There were 802 households, of which 26.2% had children under the age of 18 living with them, 46.8% were married couples living together, 10.0% had a female householder with no husband present, 4.5% had a male householder with no wife present, and 38.8% were non-families. 33.7% of all households were made up of individuals, and 16.7% had someone living alone who was 65 years of age or older. The average household size was 2.19 and the average family size was 2.79.

The median age in the village was 44.9 years. 20.8% of residents were under the age of 18; 7% were between the ages of 18 and 24; 22.4% were from 25 to 44; 29.1% were from 45 to 64; and 20.8% were 65 years of age or older. The gender makeup of the village was 49.2% male and 50.8% female.

===2000 census===
As of the census of 2000, there were 1,974 people, 868 households, and 547 families residing in the village. The population density was 1,232.4 PD/sqmi. There were 946 housing units at an average density of 590.6 /sqmi. The racial makeup of the village was 98.99% White, 0.10% African American, 0.35% Native American, 0.10% Asian, 0.25% from other races, and 0.20% from two or more races. Hispanic or Latino of any race were 3.34% of the population.

There were 868 households, of which 26.7% had children under the age of 18 living with them, 50.9% were married couples living together, 7.9% had a female householder with no husband present, and 36.9% were non-families. 34.2% of all households were made up of individuals, and 19.0% had someone living alone who was 65 years of age or older. The average household size was 2.27 and the average family size was 2.91.

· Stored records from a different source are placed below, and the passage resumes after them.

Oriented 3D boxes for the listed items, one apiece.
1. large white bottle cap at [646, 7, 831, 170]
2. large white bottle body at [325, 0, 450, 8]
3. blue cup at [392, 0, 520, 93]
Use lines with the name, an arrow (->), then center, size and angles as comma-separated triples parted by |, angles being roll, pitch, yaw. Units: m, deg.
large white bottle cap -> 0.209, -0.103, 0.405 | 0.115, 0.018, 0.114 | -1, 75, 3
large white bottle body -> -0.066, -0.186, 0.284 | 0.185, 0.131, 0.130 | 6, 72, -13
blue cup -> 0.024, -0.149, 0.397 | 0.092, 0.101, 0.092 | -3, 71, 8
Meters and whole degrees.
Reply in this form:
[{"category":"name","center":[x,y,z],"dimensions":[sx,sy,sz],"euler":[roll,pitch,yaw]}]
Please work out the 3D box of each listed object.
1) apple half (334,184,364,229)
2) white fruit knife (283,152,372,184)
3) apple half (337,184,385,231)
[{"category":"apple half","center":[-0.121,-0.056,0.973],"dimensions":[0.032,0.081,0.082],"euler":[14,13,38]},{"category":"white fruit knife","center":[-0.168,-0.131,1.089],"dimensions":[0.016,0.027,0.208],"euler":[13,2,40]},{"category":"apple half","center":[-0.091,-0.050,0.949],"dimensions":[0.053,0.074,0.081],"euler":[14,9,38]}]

In the village, the population was spread out, with 22.9% under the age of 18, 7.5% from 18 to 24, 26.3% from 25 to 44, 24.8% from 45 to 64, and 18.4% who were 65 years of age or older. The median age was 41 years. For every 100 females, there were 90.0 males. For every 100 females age 18 and over, there were 87.8 males.

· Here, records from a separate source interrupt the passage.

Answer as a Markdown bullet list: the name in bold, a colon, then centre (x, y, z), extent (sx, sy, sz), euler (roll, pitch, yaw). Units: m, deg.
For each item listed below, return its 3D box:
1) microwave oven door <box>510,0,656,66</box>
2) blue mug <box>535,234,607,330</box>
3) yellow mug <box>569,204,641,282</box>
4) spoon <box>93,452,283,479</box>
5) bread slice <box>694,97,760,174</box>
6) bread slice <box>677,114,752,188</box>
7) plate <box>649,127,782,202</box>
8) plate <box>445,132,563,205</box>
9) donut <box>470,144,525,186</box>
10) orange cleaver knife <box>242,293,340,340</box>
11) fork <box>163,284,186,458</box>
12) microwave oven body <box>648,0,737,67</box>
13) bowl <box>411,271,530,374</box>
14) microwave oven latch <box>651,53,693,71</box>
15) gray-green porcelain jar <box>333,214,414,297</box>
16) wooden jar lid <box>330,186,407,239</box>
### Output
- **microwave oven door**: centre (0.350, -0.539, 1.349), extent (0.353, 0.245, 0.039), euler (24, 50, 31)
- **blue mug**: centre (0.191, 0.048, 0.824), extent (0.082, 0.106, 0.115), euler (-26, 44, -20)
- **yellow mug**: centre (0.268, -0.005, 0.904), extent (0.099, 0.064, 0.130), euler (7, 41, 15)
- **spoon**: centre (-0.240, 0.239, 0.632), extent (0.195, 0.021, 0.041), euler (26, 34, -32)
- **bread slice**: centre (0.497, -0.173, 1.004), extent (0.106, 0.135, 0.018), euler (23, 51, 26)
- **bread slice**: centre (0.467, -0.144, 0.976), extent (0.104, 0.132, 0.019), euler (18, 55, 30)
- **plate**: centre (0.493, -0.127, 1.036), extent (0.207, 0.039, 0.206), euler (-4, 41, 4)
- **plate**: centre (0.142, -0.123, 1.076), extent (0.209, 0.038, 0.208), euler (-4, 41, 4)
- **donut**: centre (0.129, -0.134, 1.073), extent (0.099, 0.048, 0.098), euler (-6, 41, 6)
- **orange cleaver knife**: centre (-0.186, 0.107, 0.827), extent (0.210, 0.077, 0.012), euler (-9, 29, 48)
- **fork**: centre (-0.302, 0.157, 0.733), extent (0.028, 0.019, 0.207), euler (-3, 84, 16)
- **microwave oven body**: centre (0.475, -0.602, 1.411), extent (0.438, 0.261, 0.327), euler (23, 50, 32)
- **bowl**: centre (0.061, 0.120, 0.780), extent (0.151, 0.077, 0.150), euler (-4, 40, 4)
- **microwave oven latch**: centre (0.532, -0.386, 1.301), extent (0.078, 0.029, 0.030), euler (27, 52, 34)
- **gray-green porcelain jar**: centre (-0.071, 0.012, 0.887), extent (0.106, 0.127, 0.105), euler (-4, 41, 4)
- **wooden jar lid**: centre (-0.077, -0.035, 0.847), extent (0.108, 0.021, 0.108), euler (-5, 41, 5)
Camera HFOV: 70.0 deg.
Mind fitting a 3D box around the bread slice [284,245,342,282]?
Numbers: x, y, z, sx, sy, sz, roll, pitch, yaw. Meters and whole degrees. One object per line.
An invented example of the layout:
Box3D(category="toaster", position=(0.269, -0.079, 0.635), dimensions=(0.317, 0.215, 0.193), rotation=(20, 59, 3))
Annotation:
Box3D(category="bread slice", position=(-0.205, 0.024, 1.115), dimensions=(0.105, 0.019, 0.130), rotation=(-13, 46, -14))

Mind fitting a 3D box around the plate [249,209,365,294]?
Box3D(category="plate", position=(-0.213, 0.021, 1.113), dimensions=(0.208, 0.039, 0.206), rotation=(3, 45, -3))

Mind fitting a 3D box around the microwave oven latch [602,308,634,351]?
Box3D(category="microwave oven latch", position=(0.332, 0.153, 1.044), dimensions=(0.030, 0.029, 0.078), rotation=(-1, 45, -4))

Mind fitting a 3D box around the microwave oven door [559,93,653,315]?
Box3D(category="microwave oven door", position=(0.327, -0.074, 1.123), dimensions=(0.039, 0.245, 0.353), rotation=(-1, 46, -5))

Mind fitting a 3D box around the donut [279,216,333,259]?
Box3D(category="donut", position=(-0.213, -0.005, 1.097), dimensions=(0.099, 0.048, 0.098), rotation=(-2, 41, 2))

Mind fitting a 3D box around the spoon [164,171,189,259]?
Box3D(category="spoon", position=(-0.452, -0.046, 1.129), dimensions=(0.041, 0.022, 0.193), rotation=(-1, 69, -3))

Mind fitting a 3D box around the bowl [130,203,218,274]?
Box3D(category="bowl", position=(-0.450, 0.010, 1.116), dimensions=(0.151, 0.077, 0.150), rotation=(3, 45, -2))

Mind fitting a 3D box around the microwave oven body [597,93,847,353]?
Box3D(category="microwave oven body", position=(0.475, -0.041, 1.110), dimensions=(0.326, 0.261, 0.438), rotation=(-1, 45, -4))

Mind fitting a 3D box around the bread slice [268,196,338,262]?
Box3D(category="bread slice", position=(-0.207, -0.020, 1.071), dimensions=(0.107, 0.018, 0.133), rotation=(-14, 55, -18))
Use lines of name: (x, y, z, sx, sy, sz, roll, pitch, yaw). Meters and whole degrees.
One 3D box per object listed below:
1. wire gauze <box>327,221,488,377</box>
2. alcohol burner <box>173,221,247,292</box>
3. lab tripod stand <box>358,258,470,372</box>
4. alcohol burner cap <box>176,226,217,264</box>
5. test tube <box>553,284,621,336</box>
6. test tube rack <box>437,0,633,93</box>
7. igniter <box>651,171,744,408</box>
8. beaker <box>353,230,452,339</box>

The median income for a household in the village was $32,721, and the median income for a family was $40,742. Males had a median income of $31,619 versus $23,125 for females. The per capita income for the village was $16,894. About 13.6% of families and 17.5% of the population were below the poverty line, including 32.7% of those under age 18 and 9.7% of those age 65 or over.
==Climate==
This climatic region has large seasonal temperature differences, with warm to hot (and often humid) summers and cold (sometimes severely cold) winters. According to the Köppen Climate Classification system, Sebewaing has a humid continental climate, abbreviated "Dfb" on climate maps.

==Education==
The village is served by Unionville-Sebewaing Area Schools. Unionville-Sebewaing Area High School was formed by the merger of Unionville and Sebewaing High Schools. The nearest tertiary educational institutions are located in Cass City to the east and Bay City to the west.